### Assignment
What do the lines from the one containing "3) person <box>833,553,858,618</box>" through the end of the listing below say? Restate them word for word and give nothing else.

### Supplied information

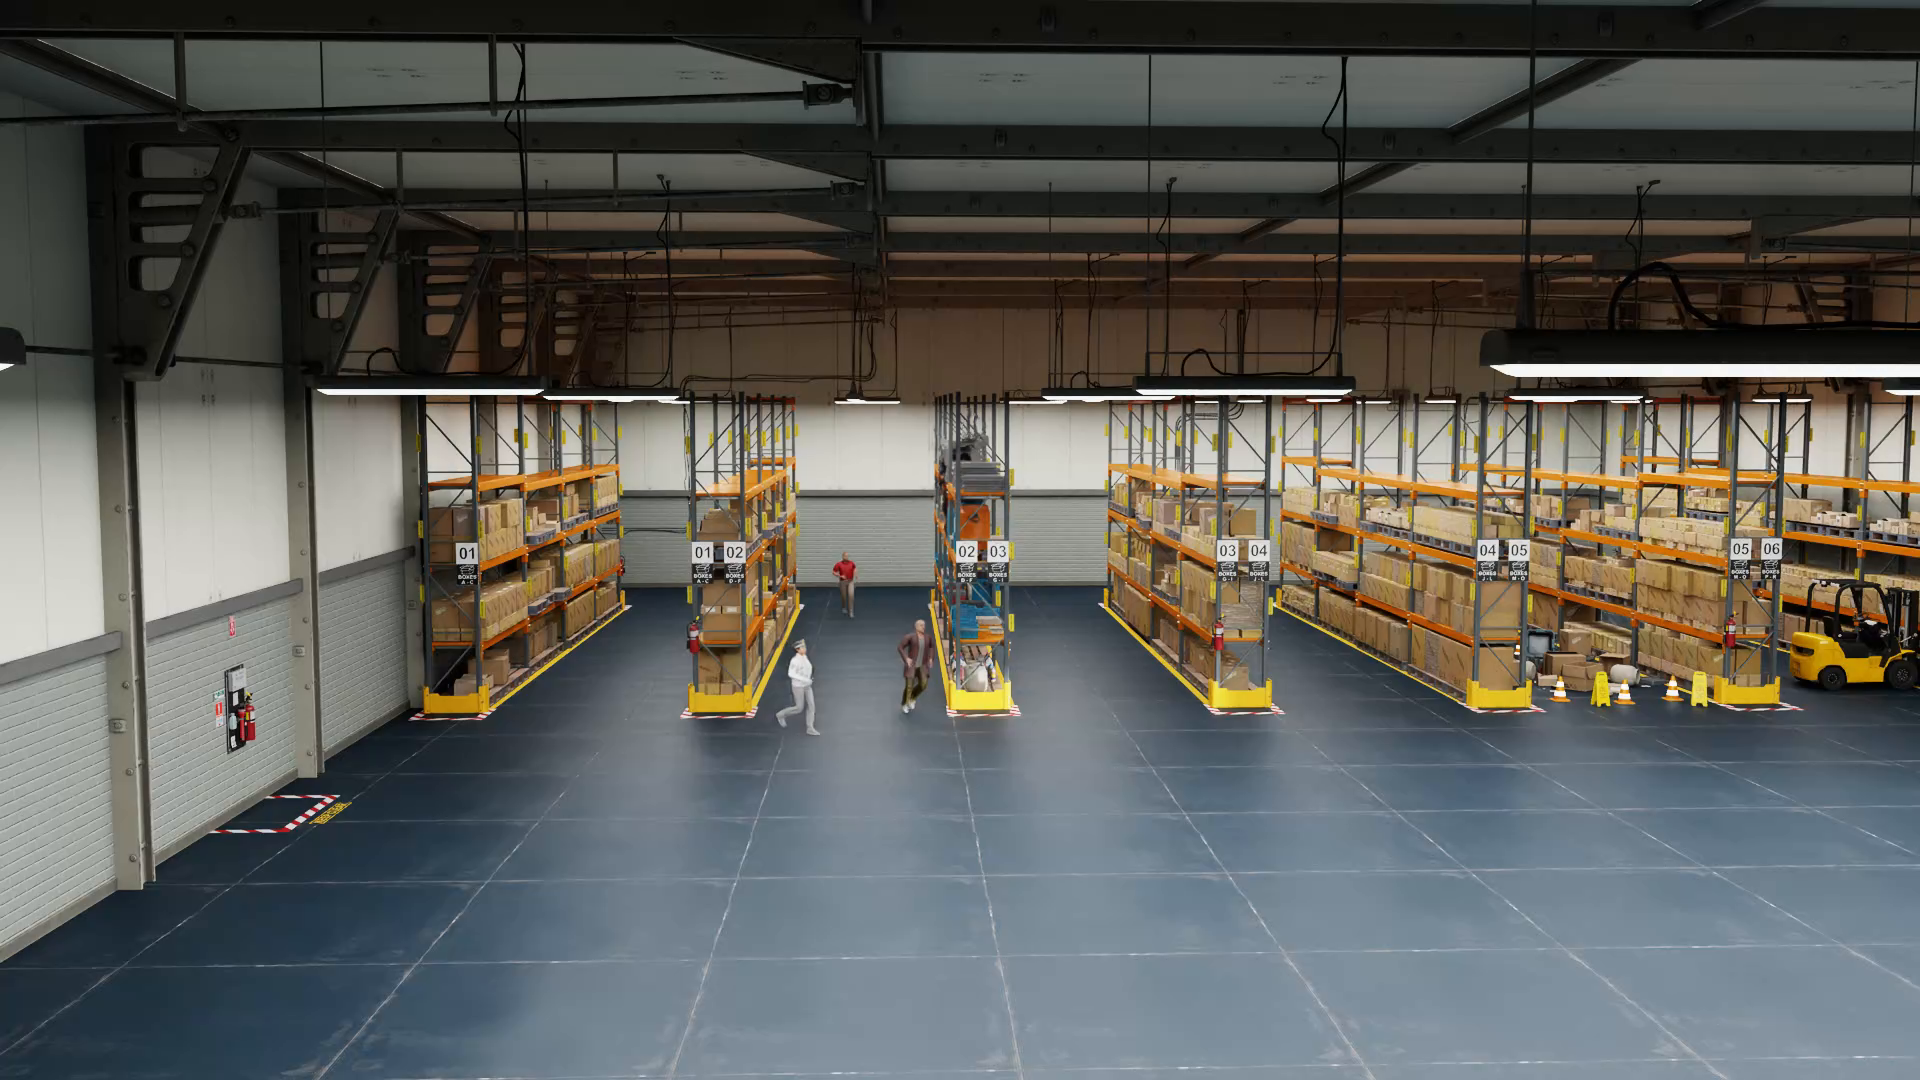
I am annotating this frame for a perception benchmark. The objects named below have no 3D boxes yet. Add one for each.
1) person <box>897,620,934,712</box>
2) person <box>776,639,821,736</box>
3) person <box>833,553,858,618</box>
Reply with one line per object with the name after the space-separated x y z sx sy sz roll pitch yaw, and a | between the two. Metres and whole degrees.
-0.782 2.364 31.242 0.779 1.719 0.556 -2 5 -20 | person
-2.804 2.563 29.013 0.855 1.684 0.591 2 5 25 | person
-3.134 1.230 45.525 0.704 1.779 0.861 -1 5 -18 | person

### Task solution
3) person <box>833,553,858,618</box>
Reply with one line per object with the name after the space-separated x y z sx sy sz roll pitch yaw, and a | between the two. Metres and whole degrees.
-0.782 2.364 31.242 0.779 1.719 0.556 -2 5 -20 | person
-2.804 2.563 29.013 0.855 1.684 0.591 2 5 25 | person
-3.134 1.230 45.525 0.704 1.779 0.861 -1 5 -18 | person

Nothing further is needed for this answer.